▶ **WHAT YOU ARE ASKED TO DO**
Set out exactly every line of the entries below, starting at the line that holds "5) car [426, 436, 476, 461]" and stopping after the line that holds "9) bicyclist on".

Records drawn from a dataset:
* * *

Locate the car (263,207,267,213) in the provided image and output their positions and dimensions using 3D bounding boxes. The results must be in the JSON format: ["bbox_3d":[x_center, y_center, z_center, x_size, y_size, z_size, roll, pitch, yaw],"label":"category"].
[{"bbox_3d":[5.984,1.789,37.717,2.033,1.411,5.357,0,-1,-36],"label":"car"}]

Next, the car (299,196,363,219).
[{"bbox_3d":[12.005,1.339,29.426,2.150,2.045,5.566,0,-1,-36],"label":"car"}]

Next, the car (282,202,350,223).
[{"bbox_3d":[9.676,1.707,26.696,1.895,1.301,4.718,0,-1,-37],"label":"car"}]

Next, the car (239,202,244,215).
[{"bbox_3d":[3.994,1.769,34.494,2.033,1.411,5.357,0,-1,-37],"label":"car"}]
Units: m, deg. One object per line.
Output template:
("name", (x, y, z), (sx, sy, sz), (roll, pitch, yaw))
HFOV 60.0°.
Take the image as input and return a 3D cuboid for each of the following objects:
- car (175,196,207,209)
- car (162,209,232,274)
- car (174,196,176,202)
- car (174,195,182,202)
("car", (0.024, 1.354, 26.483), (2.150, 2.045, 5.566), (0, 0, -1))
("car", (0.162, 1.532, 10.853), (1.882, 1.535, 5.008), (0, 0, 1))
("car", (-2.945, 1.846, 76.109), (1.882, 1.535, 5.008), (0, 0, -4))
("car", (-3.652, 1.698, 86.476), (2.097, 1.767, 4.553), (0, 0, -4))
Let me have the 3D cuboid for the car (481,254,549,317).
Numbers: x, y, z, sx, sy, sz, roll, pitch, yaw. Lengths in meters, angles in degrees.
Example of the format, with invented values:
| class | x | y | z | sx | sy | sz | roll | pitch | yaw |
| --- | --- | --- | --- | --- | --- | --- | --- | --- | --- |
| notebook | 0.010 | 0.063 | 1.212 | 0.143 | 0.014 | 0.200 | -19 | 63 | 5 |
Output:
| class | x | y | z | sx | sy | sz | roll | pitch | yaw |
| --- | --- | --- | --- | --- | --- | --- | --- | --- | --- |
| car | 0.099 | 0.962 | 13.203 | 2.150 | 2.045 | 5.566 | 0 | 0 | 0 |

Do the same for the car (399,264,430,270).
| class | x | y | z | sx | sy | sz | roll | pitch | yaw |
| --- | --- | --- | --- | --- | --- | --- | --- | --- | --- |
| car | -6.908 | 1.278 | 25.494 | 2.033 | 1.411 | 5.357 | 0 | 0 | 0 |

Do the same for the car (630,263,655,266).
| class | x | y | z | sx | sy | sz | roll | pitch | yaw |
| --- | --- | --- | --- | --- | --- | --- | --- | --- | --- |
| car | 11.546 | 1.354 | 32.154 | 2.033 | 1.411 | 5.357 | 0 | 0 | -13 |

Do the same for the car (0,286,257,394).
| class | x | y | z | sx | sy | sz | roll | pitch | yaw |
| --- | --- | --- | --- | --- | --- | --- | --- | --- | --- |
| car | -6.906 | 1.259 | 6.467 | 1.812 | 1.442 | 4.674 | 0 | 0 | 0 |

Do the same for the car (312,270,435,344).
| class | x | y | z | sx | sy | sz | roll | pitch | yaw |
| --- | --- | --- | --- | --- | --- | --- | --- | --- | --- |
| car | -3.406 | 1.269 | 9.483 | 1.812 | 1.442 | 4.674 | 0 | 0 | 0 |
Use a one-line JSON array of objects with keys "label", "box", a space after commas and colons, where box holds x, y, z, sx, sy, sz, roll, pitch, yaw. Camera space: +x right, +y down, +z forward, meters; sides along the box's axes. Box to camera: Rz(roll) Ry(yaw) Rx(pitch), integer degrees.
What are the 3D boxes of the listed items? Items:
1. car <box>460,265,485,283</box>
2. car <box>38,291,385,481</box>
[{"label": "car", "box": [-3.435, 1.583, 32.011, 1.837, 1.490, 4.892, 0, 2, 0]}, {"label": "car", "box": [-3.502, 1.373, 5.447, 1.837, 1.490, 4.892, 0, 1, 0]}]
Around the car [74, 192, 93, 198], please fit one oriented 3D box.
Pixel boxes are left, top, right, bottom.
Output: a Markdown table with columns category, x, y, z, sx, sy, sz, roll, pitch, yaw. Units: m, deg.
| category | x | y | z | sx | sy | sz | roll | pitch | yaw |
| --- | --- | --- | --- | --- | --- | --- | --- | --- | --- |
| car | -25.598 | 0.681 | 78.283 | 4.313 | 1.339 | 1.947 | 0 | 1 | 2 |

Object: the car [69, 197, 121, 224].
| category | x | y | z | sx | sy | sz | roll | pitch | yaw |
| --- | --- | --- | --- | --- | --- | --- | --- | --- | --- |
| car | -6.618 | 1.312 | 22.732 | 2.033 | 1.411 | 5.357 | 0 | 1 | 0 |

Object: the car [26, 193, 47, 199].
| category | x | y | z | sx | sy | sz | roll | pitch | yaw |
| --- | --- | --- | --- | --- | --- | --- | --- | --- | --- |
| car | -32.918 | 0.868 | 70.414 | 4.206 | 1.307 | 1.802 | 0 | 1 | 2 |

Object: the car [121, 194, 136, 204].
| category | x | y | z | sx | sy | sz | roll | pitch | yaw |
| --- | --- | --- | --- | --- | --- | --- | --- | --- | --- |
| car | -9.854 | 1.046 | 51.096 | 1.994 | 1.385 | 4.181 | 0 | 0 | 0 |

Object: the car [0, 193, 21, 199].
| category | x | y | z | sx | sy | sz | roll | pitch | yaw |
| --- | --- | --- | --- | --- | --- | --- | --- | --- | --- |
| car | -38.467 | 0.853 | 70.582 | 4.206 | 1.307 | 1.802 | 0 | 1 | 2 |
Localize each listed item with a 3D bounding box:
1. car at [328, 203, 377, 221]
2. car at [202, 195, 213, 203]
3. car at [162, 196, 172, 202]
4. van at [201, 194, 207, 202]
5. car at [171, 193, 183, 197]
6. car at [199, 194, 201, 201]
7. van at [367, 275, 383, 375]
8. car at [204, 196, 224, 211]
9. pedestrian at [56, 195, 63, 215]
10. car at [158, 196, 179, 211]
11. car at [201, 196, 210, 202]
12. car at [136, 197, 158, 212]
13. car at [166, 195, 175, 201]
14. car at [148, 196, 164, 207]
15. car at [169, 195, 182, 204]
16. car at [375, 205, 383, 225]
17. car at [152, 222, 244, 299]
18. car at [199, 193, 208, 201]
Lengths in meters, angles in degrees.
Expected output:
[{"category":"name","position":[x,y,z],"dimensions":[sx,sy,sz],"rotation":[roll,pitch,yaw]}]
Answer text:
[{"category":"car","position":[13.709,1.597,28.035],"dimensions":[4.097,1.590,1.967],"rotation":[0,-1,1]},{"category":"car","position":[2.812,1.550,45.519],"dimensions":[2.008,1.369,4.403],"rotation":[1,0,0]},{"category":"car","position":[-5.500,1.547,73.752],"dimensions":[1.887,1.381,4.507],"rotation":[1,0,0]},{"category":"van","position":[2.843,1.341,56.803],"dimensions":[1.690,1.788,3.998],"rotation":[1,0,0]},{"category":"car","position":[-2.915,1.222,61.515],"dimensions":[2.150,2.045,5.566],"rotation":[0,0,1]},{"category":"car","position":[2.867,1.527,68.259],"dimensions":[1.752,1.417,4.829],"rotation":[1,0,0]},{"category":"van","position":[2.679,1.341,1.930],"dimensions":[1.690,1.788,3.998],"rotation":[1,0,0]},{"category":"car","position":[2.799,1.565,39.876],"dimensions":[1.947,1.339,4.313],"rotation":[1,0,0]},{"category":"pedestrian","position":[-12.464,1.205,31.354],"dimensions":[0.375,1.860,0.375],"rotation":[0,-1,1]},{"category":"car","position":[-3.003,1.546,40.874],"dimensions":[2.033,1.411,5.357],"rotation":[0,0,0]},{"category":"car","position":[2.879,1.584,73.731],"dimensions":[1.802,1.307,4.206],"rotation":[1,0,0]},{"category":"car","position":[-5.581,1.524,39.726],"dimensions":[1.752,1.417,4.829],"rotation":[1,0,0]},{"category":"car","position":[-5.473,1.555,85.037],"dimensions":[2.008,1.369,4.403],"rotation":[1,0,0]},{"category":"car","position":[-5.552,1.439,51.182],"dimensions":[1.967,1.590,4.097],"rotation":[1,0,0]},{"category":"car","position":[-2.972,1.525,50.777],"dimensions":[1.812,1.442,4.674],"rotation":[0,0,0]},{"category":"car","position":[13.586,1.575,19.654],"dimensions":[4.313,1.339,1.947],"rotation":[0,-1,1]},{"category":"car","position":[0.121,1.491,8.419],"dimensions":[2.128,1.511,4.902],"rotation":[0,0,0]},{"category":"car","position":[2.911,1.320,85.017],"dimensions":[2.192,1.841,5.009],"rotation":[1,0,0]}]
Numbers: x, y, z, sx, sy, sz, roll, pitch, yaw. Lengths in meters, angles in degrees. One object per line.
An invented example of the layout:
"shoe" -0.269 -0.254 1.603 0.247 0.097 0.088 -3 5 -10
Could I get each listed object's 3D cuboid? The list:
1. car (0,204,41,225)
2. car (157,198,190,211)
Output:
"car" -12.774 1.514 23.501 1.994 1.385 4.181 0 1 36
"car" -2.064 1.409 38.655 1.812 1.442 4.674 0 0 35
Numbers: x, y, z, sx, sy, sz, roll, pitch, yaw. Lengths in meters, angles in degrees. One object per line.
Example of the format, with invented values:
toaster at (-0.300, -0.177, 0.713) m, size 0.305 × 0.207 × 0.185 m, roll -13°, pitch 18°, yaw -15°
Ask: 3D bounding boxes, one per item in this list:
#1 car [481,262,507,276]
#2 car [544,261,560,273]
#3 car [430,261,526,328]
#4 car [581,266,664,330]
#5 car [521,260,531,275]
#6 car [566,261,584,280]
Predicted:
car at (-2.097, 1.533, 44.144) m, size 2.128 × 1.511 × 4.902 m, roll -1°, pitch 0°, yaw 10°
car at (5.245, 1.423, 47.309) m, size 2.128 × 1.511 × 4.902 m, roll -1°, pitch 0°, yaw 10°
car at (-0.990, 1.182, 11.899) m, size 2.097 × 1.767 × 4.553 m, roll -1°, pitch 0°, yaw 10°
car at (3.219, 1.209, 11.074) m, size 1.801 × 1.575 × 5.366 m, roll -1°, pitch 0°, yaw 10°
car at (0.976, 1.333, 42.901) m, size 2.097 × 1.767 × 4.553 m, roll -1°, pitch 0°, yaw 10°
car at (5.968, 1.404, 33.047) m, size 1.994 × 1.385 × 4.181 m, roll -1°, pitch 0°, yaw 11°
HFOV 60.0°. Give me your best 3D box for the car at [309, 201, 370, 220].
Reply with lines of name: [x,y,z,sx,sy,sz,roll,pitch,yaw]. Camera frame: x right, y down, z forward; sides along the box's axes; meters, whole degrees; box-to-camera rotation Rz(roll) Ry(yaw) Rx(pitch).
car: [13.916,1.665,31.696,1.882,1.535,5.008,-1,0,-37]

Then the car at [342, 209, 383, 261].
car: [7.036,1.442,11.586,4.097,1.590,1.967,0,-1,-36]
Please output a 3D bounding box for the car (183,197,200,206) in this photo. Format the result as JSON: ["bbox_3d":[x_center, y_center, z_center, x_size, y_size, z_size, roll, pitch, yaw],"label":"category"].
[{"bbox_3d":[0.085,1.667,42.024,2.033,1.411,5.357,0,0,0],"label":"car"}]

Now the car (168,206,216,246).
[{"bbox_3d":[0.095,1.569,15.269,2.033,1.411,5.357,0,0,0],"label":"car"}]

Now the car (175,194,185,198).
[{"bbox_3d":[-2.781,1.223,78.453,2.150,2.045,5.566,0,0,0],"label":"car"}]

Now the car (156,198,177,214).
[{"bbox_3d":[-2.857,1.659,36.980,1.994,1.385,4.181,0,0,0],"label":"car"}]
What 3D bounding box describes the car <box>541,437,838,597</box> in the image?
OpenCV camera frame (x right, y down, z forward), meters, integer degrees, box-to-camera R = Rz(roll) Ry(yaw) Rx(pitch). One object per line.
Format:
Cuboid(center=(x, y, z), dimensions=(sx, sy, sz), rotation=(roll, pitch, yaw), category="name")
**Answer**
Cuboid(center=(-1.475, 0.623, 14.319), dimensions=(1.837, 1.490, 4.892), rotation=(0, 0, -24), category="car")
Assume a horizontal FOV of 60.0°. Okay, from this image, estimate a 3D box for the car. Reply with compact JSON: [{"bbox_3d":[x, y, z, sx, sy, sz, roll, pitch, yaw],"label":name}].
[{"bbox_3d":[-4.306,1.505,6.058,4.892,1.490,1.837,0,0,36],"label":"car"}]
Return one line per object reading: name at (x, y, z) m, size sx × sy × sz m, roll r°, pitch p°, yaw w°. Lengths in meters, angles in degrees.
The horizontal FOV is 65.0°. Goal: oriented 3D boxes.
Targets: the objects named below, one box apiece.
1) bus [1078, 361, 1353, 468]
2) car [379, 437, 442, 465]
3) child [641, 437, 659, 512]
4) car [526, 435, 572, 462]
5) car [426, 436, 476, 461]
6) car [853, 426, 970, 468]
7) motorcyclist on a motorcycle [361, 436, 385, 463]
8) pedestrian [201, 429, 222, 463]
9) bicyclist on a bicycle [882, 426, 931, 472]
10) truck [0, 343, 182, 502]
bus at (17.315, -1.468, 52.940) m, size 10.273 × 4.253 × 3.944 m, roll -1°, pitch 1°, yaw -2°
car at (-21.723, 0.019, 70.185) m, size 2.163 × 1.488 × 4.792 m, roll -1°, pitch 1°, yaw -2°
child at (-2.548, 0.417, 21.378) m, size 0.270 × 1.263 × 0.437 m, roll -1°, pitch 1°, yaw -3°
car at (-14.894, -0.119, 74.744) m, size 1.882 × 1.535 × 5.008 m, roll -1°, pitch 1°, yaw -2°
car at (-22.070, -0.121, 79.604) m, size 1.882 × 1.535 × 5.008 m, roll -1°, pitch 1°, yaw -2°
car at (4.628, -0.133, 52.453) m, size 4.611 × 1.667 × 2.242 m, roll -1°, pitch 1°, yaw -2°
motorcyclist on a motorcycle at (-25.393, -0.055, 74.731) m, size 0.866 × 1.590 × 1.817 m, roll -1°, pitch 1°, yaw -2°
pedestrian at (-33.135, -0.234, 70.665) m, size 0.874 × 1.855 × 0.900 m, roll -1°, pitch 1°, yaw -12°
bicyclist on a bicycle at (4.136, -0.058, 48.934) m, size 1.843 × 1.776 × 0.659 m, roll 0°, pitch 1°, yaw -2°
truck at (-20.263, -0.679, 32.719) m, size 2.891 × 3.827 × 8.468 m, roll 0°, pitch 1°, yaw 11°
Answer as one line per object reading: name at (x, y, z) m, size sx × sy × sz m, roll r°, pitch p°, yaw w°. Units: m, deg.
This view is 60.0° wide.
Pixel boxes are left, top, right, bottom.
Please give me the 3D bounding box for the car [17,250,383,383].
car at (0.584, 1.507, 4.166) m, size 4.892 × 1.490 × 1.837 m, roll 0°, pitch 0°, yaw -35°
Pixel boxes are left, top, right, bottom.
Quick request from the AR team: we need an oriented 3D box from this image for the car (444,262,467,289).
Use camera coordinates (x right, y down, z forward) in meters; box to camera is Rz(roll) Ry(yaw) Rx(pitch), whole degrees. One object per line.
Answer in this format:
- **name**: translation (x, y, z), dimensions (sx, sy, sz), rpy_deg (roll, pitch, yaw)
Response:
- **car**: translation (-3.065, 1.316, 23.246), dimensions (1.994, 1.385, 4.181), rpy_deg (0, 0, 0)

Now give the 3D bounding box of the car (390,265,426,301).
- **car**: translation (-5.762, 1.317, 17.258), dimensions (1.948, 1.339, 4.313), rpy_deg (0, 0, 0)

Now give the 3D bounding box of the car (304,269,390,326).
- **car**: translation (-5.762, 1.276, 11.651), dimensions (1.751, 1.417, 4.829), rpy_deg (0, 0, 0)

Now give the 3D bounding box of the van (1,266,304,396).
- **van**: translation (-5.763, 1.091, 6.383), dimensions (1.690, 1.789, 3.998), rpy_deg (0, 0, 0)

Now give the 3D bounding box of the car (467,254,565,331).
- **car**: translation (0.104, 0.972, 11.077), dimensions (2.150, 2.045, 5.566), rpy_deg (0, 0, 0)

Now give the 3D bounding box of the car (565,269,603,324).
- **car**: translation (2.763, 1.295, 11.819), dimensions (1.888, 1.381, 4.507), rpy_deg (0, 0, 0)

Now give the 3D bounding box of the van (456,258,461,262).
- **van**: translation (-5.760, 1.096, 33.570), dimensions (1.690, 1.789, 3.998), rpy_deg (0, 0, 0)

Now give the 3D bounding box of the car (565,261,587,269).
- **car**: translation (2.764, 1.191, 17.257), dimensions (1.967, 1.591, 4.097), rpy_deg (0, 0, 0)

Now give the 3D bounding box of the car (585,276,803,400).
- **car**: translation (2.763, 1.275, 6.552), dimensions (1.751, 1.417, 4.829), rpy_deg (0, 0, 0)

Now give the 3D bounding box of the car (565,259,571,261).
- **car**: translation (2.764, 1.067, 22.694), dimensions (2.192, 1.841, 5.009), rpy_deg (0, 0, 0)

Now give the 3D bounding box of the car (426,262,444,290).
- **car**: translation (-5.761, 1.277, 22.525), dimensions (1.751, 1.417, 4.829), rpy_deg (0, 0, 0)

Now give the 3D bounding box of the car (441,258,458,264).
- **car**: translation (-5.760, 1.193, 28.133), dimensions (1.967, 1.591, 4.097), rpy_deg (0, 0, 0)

* * *

▶ **WRITTEN RESPONSE**
5) car [426, 436, 476, 461]
6) car [853, 426, 970, 468]
7) motorcyclist on a motorcycle [361, 436, 385, 463]
8) pedestrian [201, 429, 222, 463]
9) bicyclist on a bicycle [882, 426, 931, 472]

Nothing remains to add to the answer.